═════ Source material ═════

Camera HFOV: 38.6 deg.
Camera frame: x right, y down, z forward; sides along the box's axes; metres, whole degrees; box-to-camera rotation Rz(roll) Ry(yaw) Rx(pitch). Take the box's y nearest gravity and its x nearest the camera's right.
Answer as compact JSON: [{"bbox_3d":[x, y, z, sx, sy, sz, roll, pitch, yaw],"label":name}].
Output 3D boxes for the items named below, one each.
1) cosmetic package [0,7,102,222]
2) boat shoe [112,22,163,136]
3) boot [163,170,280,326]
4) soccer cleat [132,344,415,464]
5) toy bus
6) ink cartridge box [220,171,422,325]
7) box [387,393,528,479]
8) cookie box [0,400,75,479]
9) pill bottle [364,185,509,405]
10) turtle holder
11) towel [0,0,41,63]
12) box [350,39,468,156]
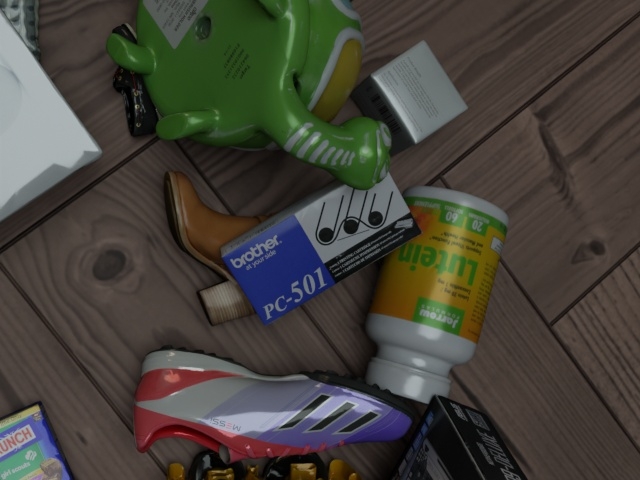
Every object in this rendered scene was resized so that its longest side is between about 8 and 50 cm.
[{"bbox_3d":[-0.384,-0.121,0.946,0.224,0.138,0.224,-35,104,-9],"label":"cosmetic package"},{"bbox_3d":[-0.220,-0.187,1.068,0.042,0.049,0.133,-17,95,-24],"label":"boat shoe"},{"bbox_3d":[-0.092,-0.011,1.081,0.152,0.073,0.197,-23,104,-15],"label":"boot"},{"bbox_3d":[-0.052,0.205,1.032,0.318,0.109,0.117,11,60,-5],"label":"soccer cleat"},{"bbox_3d":[-0.068,0.354,1.034,0.220,0.149,0.212,4,101,-13],"label":"toy bus"},{"bbox_3d":[0.000,0.000,1.029,0.207,0.046,0.097,-31,107,0],"label":"ink cartridge box"},{"bbox_3d":[0.113,0.357,0.968,0.076,0.242,0.308,23,104,-16],"label":"box"},{"bbox_3d":[-0.332,0.245,1.008,0.091,0.040,0.107,-24,92,-15],"label":"cookie box"},{"bbox_3d":[0.132,0.070,1.101,0.136,0.136,0.246,18,81,-14],"label":"pill bottle"},{"bbox_3d":[-0.048,-0.210,0.992,0.227,0.320,0.244,3,105,-51],"label":"turtle holder"},{"bbox_3d":[-0.472,-0.358,1.018,0.312,0.056,0.324,-1,88,-13],"label":"towel"},{"bbox_3d":[0.107,-0.173,1.131,0.087,0.102,0.101,-35,95,-13],"label":"box"}]
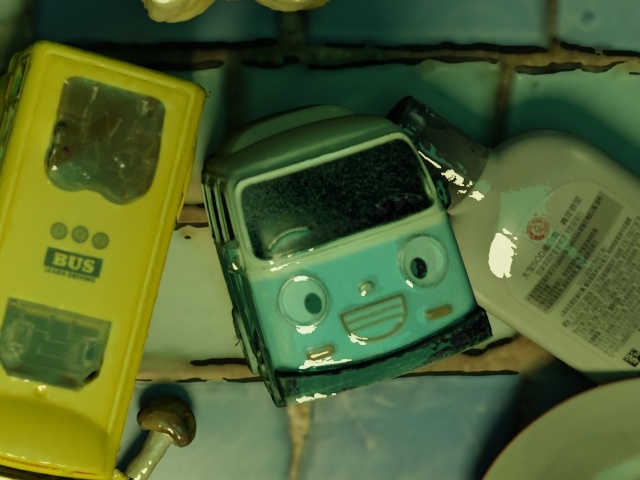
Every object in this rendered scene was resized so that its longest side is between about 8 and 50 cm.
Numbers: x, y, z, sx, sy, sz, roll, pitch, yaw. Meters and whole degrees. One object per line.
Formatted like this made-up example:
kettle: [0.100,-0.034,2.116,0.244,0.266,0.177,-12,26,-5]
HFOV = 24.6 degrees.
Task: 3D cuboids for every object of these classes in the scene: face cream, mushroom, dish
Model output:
face cream: [0.164,0.000,1.037,0.291,0.071,0.144,31,95,-13]
mushroom: [-0.210,0.213,1.023,0.306,0.043,0.068,-36,83,-2]
dish: [0.235,0.230,1.042,0.260,0.085,0.260,-4,112,-9]

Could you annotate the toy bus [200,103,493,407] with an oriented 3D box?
toy bus: [0.000,0.000,0.911,0.133,0.271,0.164,-18,96,-7]

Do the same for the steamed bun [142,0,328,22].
steamed bun: [-0.053,-0.289,0.935,0.292,0.137,0.295,-40,96,-2]

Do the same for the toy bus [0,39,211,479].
toy bus: [-0.170,0.049,0.927,0.144,0.152,0.330,15,84,-15]
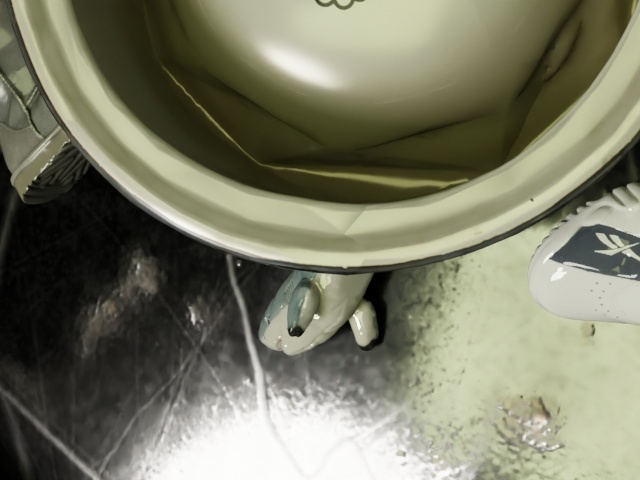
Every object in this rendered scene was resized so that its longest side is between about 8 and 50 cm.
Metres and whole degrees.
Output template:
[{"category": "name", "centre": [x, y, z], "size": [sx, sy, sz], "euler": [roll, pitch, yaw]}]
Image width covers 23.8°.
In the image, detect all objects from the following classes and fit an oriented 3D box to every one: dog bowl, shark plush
[{"category": "dog bowl", "centre": [0.029, -0.187, 0.874], "size": [0.407, 0.150, 0.408], "euler": [0, 91, 13]}, {"category": "shark plush", "centre": [0.000, 0.000, 0.983], "size": [0.067, 0.073, 0.161], "euler": [25, 111, 50]}]

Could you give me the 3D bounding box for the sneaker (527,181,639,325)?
[{"category": "sneaker", "centre": [0.224, 0.046, 0.828], "size": [0.234, 0.153, 0.094], "euler": [-2, 132, 17]}]

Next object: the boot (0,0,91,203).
[{"category": "boot", "centre": [-0.205, -0.154, 1.054], "size": [0.189, 0.076, 0.208], "euler": [-39, 72, 19]}]
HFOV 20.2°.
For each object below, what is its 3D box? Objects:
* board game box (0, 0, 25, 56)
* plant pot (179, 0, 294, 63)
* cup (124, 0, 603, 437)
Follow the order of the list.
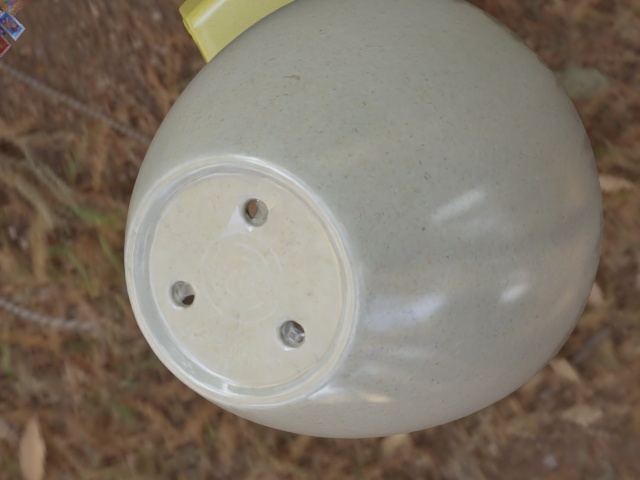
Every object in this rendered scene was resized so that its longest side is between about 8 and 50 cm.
[{"bbox_3d":[-0.318,-0.150,1.537,0.168,0.033,0.133,-47,165,22],"label":"board game box"},{"bbox_3d":[0.001,-0.163,1.465,0.187,0.212,0.212,-28,103,-1],"label":"plant pot"},{"bbox_3d":[0.000,0.000,1.224,0.331,0.237,0.331,6,105,24],"label":"cup"}]
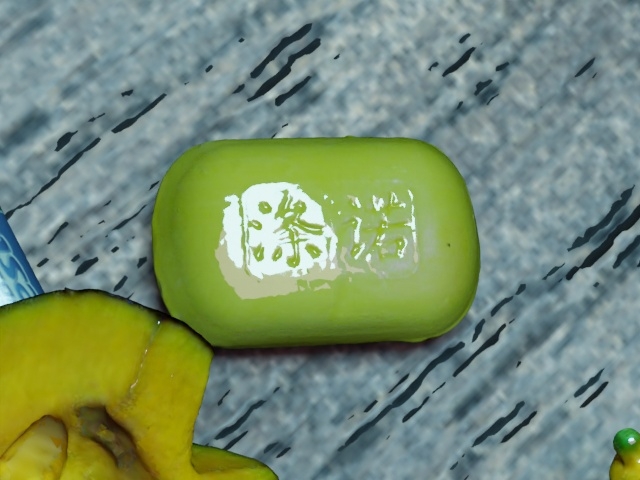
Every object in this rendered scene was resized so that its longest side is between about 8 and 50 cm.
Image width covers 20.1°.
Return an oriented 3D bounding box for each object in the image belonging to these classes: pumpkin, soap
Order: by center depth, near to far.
[{"bbox_3d":[-0.111,0.148,0.675,0.130,0.149,0.254,28,78,-48],"label":"pumpkin"},{"bbox_3d":[0.000,0.000,0.745,0.140,0.045,0.089,-2,82,-14],"label":"soap"}]

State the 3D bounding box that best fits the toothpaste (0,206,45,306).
[{"bbox_3d":[-0.138,0.011,0.717,0.057,0.035,0.197,-27,84,-33],"label":"toothpaste"}]

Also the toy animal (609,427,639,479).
[{"bbox_3d":[0.125,0.155,0.707,0.181,0.131,0.127,6,55,-2],"label":"toy animal"}]
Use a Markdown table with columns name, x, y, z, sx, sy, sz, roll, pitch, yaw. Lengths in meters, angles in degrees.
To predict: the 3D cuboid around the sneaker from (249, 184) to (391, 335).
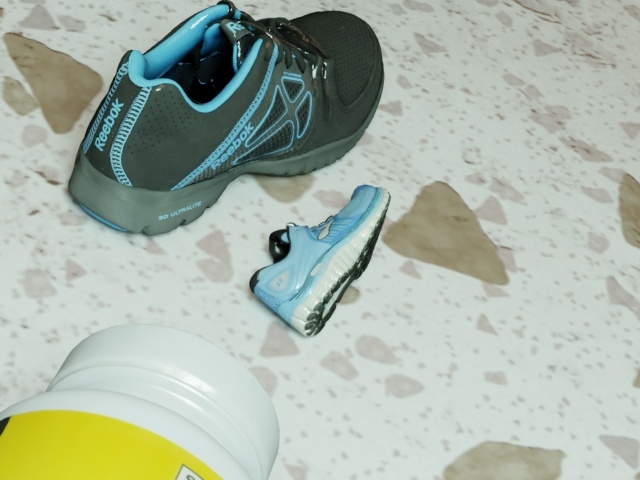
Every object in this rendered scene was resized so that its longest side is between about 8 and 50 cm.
| name | x | y | z | sx | sy | sz | roll | pitch | yaw |
| --- | --- | --- | --- | --- | --- | --- | --- | --- | --- |
| sneaker | 0.000 | 0.000 | 1.238 | 0.073 | 0.063 | 0.162 | 27 | 41 | 11 |

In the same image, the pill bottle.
| name | x | y | z | sx | sy | sz | roll | pitch | yaw |
| --- | --- | --- | --- | --- | --- | --- | --- | --- | --- |
| pill bottle | -0.135 | 0.202 | 0.867 | 0.188 | 0.188 | 0.334 | 23 | 40 | 1 |

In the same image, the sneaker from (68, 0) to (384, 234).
| name | x | y | z | sx | sy | sz | roll | pitch | yaw |
| --- | --- | --- | --- | --- | --- | --- | --- | --- | --- |
| sneaker | -0.048 | -0.122 | 1.289 | 0.125 | 0.139 | 0.341 | 35 | 41 | 18 |
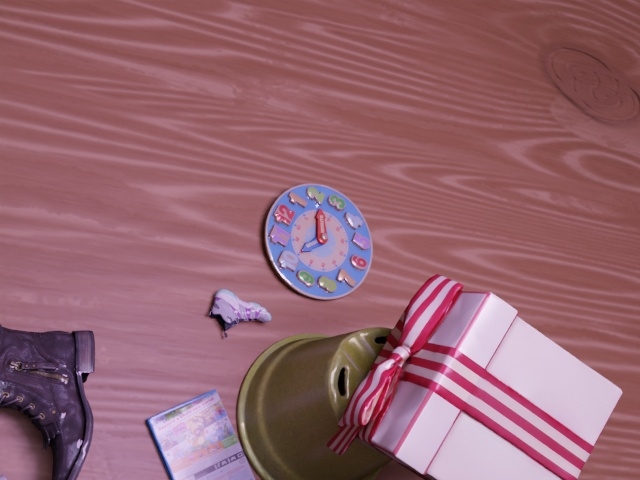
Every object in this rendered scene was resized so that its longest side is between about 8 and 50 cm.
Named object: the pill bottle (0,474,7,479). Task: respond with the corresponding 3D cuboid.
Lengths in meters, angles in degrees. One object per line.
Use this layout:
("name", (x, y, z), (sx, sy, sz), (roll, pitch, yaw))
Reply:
("pill bottle", (-0.505, 0.371, 1.247), (0.215, 0.117, 0.117), (-11, 77, -28))

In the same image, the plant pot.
("plant pot", (0.045, 0.246, 1.469), (0.276, 0.254, 0.276), (9, 68, -23))

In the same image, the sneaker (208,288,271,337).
("sneaker", (-0.132, 0.127, 1.558), (0.098, 0.038, 0.069), (24, 64, -5))

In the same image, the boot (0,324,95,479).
("boot", (-0.437, 0.221, 1.357), (0.229, 0.091, 0.263), (7, 58, -22))

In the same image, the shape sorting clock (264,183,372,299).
("shape sorting clock", (0.000, 0.000, 1.662), (0.206, 0.040, 0.206), (8, 69, -22))

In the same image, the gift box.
("gift box", (0.172, 0.214, 1.256), (0.258, 0.276, 0.255), (35, 74, -13))

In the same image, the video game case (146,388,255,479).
("video game case", (-0.178, 0.324, 1.476), (0.119, 0.015, 0.166), (-21, 81, -29))

═════

■ **Task details**
Copy the lines of the data above exactly as written, beginning with the line containing "2) boat shoe [112,22,163,136]" and ending with the line containing "12) box [350,39,468,156]", and leave out all other lines.

■ **Result of the task**
2) boat shoe [112,22,163,136]
3) boot [163,170,280,326]
4) soccer cleat [132,344,415,464]
5) toy bus
6) ink cartridge box [220,171,422,325]
7) box [387,393,528,479]
8) cookie box [0,400,75,479]
9) pill bottle [364,185,509,405]
10) turtle holder
11) towel [0,0,41,63]
12) box [350,39,468,156]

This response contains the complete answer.